Optimization 4 - Use mTLS (if applicable): mTLS cert validation is faster than password hashing. If all clients are internal and can support cert rotation, use SSL instead of SASL/SCRAM.

Production at Confluent Cloud: They use OAuth2 + mTLS. Clients authenticate once via OAuth2 (obtain token), then use token in mTLS cert. Subsequent connections reuse token; minimal auth overhead.

Follow-up: If you cache auth validation results for 1 hour, what happens if a user's permissions change? Is there a race condition or eventual consistency window?

Your ACLs are stored in ZooKeeper (Kafka classic mode). During recovery, ZK is restored from a 2-week-old snapshot. ACLs are reverted. Broker startup hangs because it can't fetch ACLs from stale ZK. Design recovery.

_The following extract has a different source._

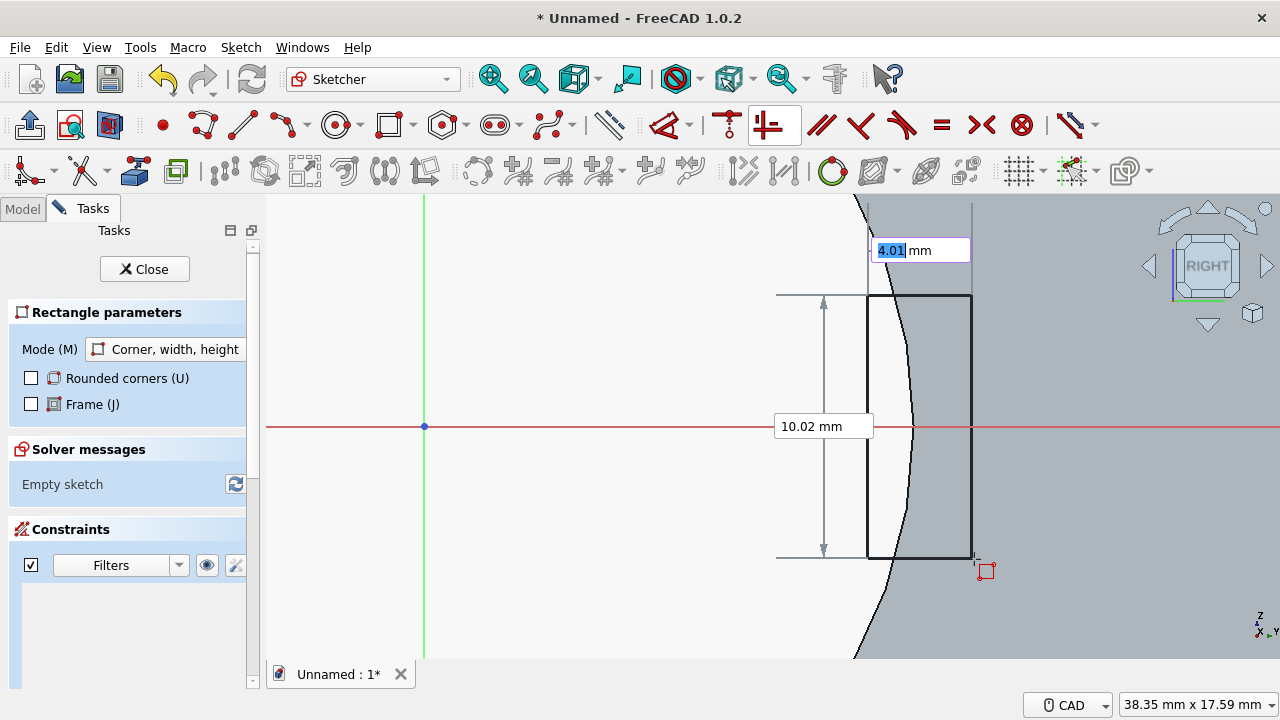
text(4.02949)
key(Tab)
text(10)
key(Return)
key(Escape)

ACL storage: In ZK mode, ACLs are stored in /config/users and /config/brokers. In KRaft mode, ACLs are part of the metadata log (compacted). If ZK restores from old snapshot, ACL data is stale. New services or revoked permissions won't be reflected.

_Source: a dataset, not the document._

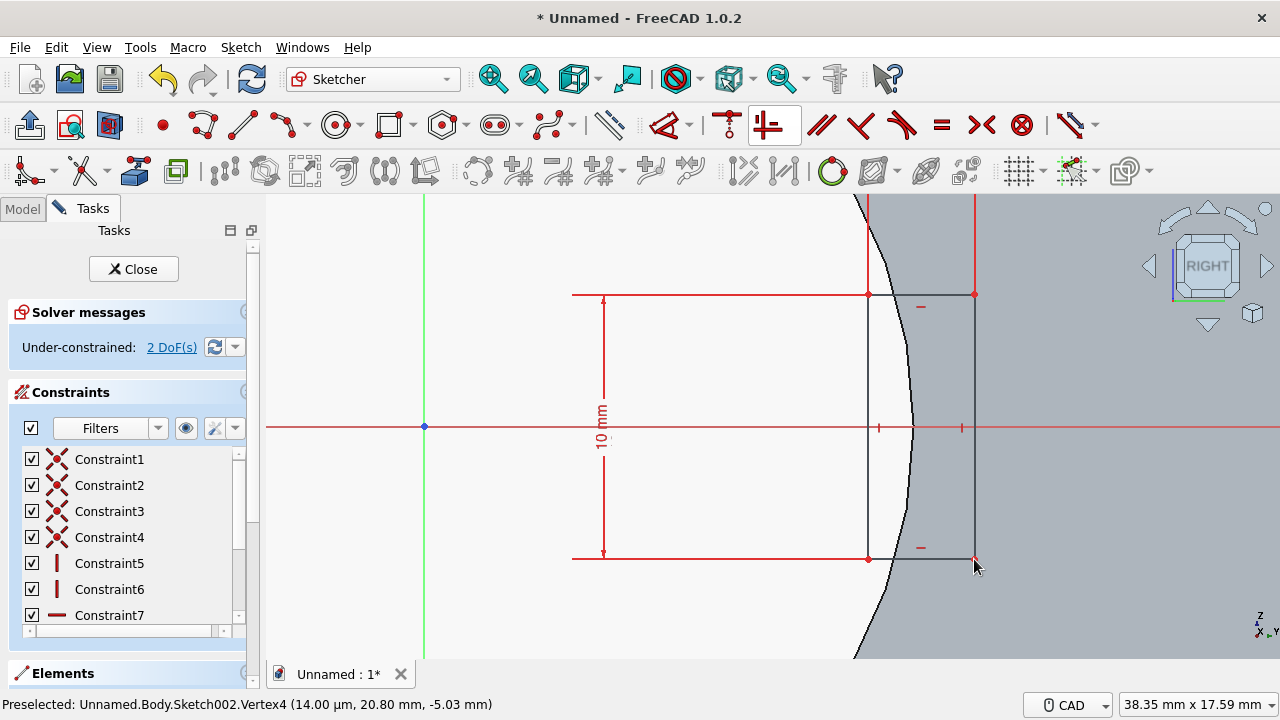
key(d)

Recovery steps: (1) Before broker startup, manually restore the latest ACL snapshot. If using Git-based ACL-as-code, re-apply current ACLs: kafka-acls.sh --bootstrap-server localhost:9092 --add --allow-principal User:service-name --operation Read --topic events (idempotent, safe to re-run); (2) If using external ACL system, re-sync: call your sync script to fetch current ACLs from auth system (LDAP, database) and apply to Kafka; (3) Verify ACLs were applied: kafka-acls.sh --list --bootstrap-server localhost:9092; compare to expected state.

Prevention: (1) Migrate to KRaft + versioned metadata log (no external ZK dependency for ACLs); (2) Implement ACL backup: export all ACLs daily, store in Git or S3. On recovery, restore from latest backup; (3) Use declarative ACL config: store all ACLs in a YAML config, controller applies on startup.

Incident at Airbnb: ZK restored old ACLs. New service couldn't produce (permissions missing). Caused 2-hour data pipeline outage. Fix: migrated to KRaft + Git-based ACL config.

Follow-up: If you're migrating from ZK ACLs to KRaft ACLs, how do you ensure no ACLs are lost or duplicated during the transition?

You're implementing TLS certificate pinning for extra security: clients pin the broker's exact certificate (not just trust the CA). Design the rollout without breaking existing clients during cert rotation.

Challenge: If a client pins a specific cert (e.g., sha256=ABC123...), and you rotate to a new cert with sha256=XYZ789, the client immediately fails to connect. You can't gradually roll out without either (a) accepting 2 certs temporarily, or (b) forcing all clients to update simultaneously.

Solution 1 - Certificate pinning with backup pin: Client pins both current cert (sha256=ABC123) and next cert (sha256=XYZ789). You pre-generate next cert, distribute it to clients. When you rotate, clients accept new cert because they pinned it ahead of time. Next rotation, clients pin cert3 before you rollout cert2.

Solution 2 - Public key pinning (less strict): Instead of pinning the full certificate, pin the public key or the CA cert (more stable). Public key remains the same across cert renewals if you use the same key. Easier to rotate without client updates.

Solution 3 - Gradual client update: If you can't pre-distribute pins, perform client update first (deploy new client code that supports new cert), then rotate broker certs. Requires coordinated deployment with clients.

Production at Google: They use certificate transparency + public key pinning. Clients pin the root CA public key (stable for years). Leaf certs rotate monthly; clients don't need updates. Transparency log provides audit trail of all cert issuance.

Gotcha: If your pinned cert expires without notice and you rotate, clients will hard-fail (no fallback). Implement strong alerting 60 days before cert expiration.

Follow-up: If a client pins a cert and the private key is compromised, how do you revoke the cert without breaking the client connection? Can you use OCSP (Online Certificate Status Protocol)?